翔が身近にいるせいなのか、他の異性にまったく興味を持っていないのだ。
「あらあら、今日は光流ちゃんが来てくれるのね、じゃぁ夕飯は豪華になりそうね。」
「光流ちゃんが来ると、家の中が明るくなるような気がするよ。」
翔の両親も、光流のことを歓迎しており、まるで自分の娘のように可愛がっていた。
光流の父は貿易会社に勤めており、長期の海外出張が多い。
母もそんな父についていくことが多く、家を長期にわたり空けることが多い。
そんなとき、光流はしょっちゅう翔の家に転がり込んでくるのだ。
「また、おじさんとおばさんは出張?」
「うん。今度はシンガポールだって。良いなぁ。」
「旅行、行けばいいじゃん。」
「翔ちゃん、連れてって。」
「お前なら、誰誘ってもついてくるだろ。」
「翔ちゃんがいい。」
駄々っ子のように頬を膨らませる光流。
翔と光流の関係は、『姉弟のよう』と前述したが、翔の方が兄のように光流のことを見守っている。
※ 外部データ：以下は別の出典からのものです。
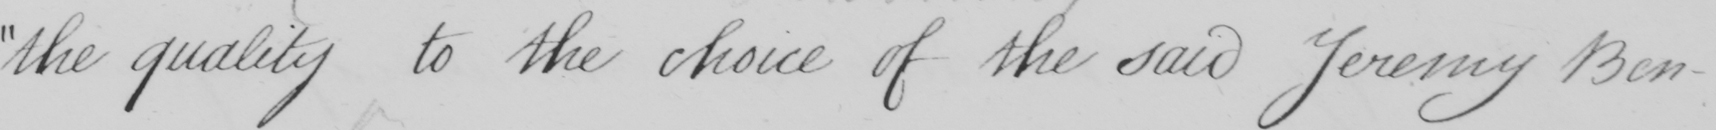Please transcribe the handwritten text in this image. the quality to the choice of the said Jeremy Ben- 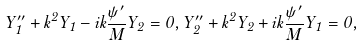<formula> <loc_0><loc_0><loc_500><loc_500>Y _ { 1 } ^ { \prime \prime } + k ^ { 2 } Y _ { 1 } - i k \frac { \psi ^ { \prime } } { M } Y _ { 2 } = 0 , Y _ { 2 } ^ { \prime \prime } + k ^ { 2 } Y _ { 2 } + i k \frac { \psi ^ { \prime } } { M } Y _ { 1 } = 0 ,</formula> 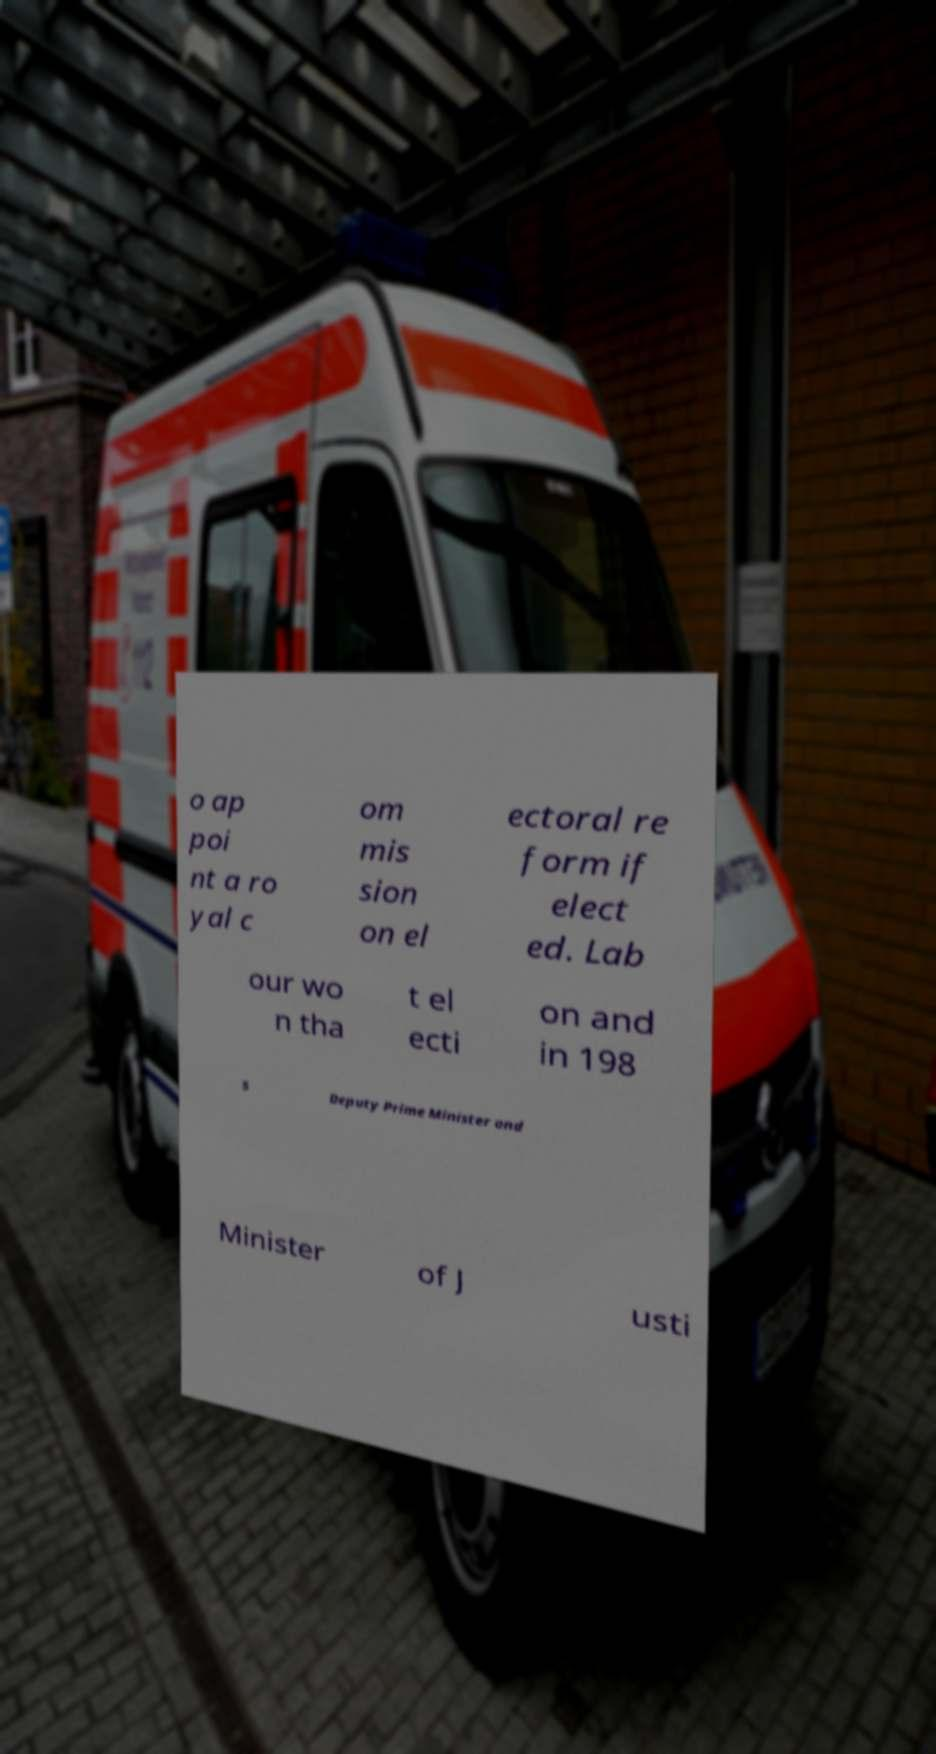Could you assist in decoding the text presented in this image and type it out clearly? o ap poi nt a ro yal c om mis sion on el ectoral re form if elect ed. Lab our wo n tha t el ecti on and in 198 5 Deputy Prime Minister and Minister of J usti

しかし、光流の方が『姉』だという主張は、光流本人が決めたことなのである。
「翔ちゃんは6月20日、私は19日。ほら、私の方がお姉ちゃんでしょう?」
そう、二人は生まれた日も近い。
まるで双子のように仲良しだと幼い頃からずっと言われてきたのだが、何かと翔の世話を焼きたがる光流、そして口には出さないが何かと光流を心配する翔の関係は、絶妙であったと言える。
「お前さ、せっかく美人だって言われてるんだから、そろそろ彼氏の一人も作ったら?」
「その言葉、そっくり返してやるよ、イケメンが。」
友達以上、家族と同等。
恋愛というものとは程遠い世界で、翔と光流は今を生きていた。